Last update: 21/01/2022
Description
-----------
A library of functions to solve the CR3BP orbit model. Currently, the library
provides the following functionality:
* CR3BP system characterisitic values computation
* CR3BP dynamics propagation
* CR3BP State Transition Matrix propagation
References
----------
Most of the equations implemented can be found in a wide range of litrature
on celestial mechancis. But a major portion of the work was directly refered
from Daniel Grebow's master and PhD thesis works. They are listed below.
Ref: GENERATING PERIODIC ORBITS IN THE CIRCULAR RESTRICTED THREEBODY PROBLEM
WITH APPLICATIONS TO LUNAR SOUTH POLE COVERAGE
- D.Grebow 2006 (Master thesis)
Ref: TRAJECTORY DESIGN IN THE EARTH-MOON SYSTEM
AND LUNAR SOUTH POLE COVERAGE
- D.Grebow 2010 (PhD desertation)
A Matlab version of the original library developed can be found in link below.
CR3BP MATLAB Library : https://github.com/JackCrusoe47/CR3BP_MATLAB_Library
"""
from numba import njit as jit
import numpy as np
from poliastro._math.ivp import DOP853, solve_ivp
@jit
def getChar_CR3BP(k1, k2, r12):
"""Characteristic values for Circular Restricted Three Body Problem (CR3BP).

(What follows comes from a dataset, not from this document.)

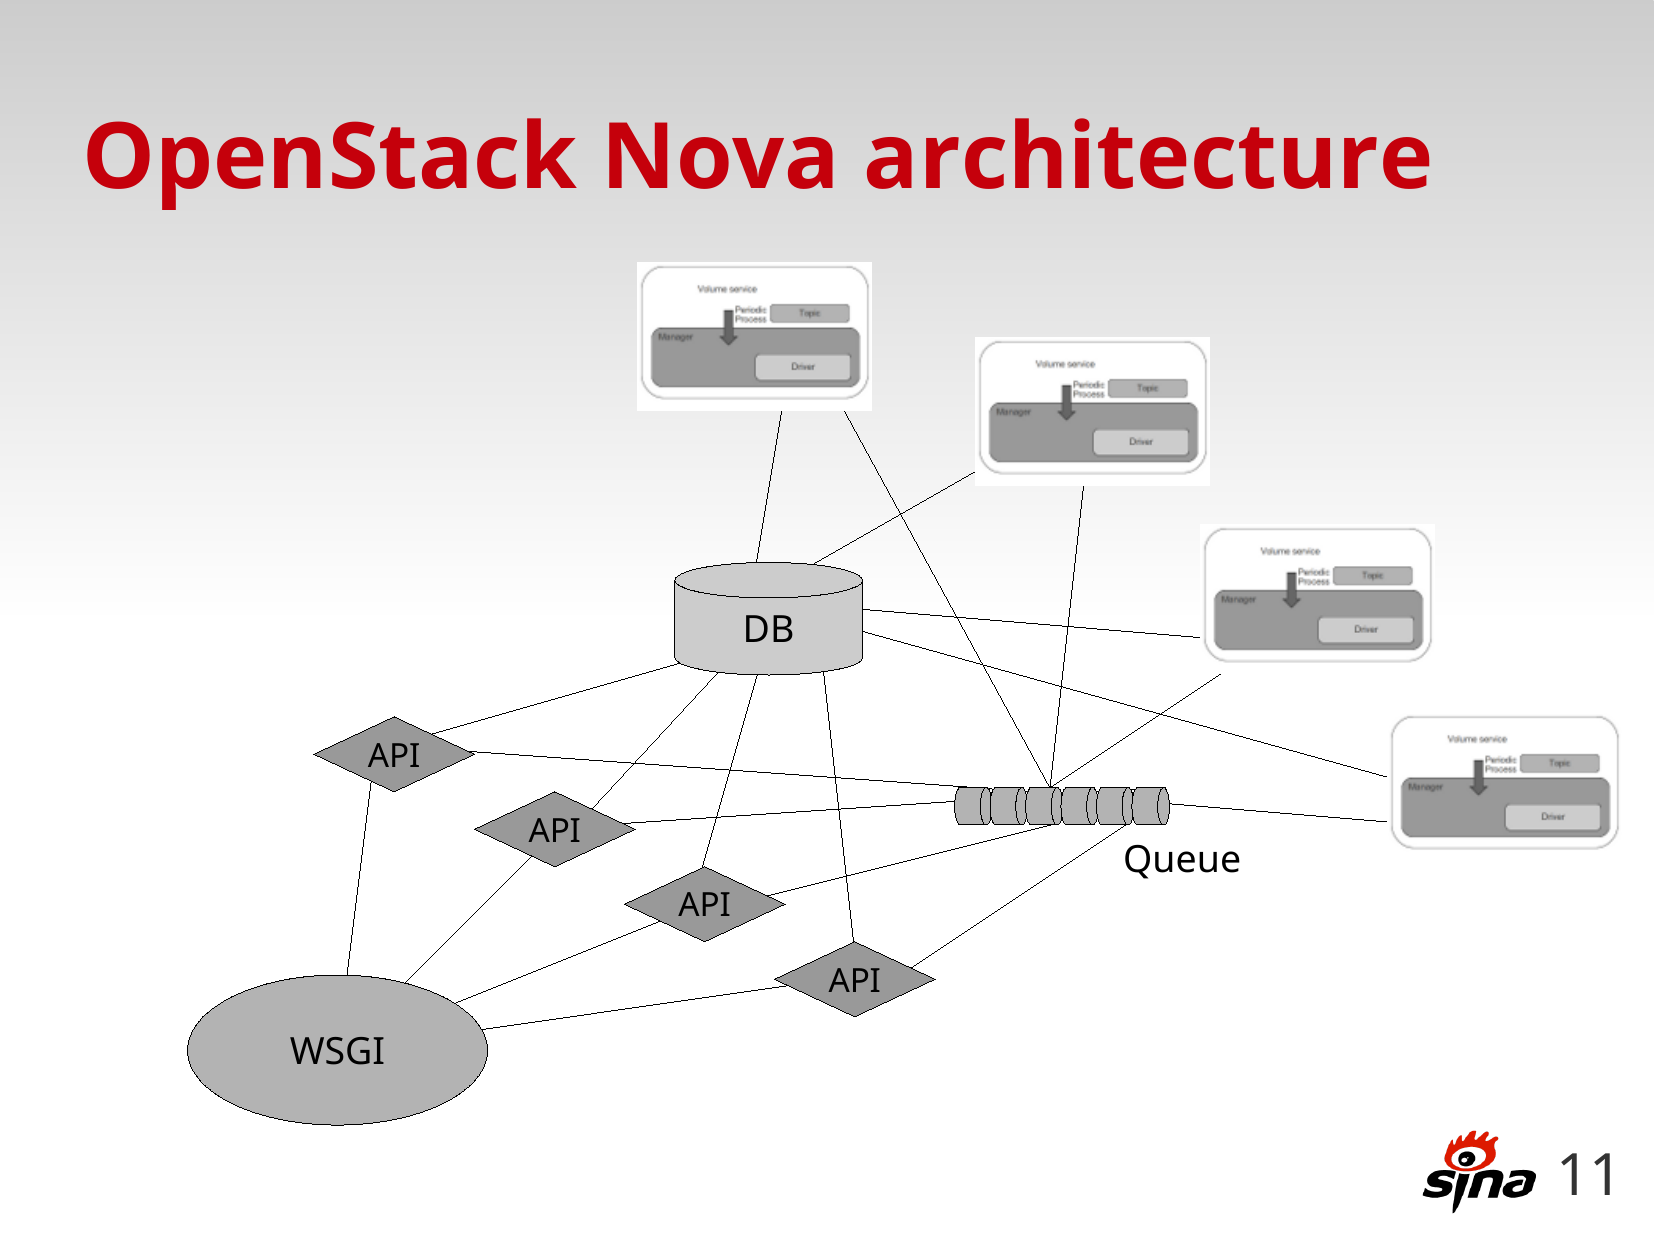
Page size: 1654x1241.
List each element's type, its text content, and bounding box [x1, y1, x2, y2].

All parameters are in non-dimensional form.
Parameters
----------
k1 : float
Primary body gravitational parameter.
k2 : float
Secondary body gravitational parameter.
r12 : float
mean distance between two bodies
Returns
----------
mu : float
CR3BP mass ratio.
kstr : float
Characterisitc gravitational parameter.
lstr : float
Characterisitc length.
tstr : float
Characterisitc time.
vstr : float
Characterisitc velocity.
nstr : float
Characterisitc angular velocity.
"""
# characteristic gravitational parameter
kstr = k1 + k2
# characteristic mass
# mstr = kstr/G
# characteristic length
lstr = r12
# characteristic time
tstr = (lstr**3 / kstr) ** 0.5
# characteristic velocity
vstr = lstr / tstr
# characteristic angular velocity
nstr = (kstr / r12**3) ** 0.5
# CR3BP mass ratio
mu = k2 / kstr
return mu, kstr, lstr, tstr, vstr, nstr
@jit
def getJacobian_CR3BP(u_, mu):
"""Compute state matrix A of Circular Restricted Three Body Problem (CR3BP).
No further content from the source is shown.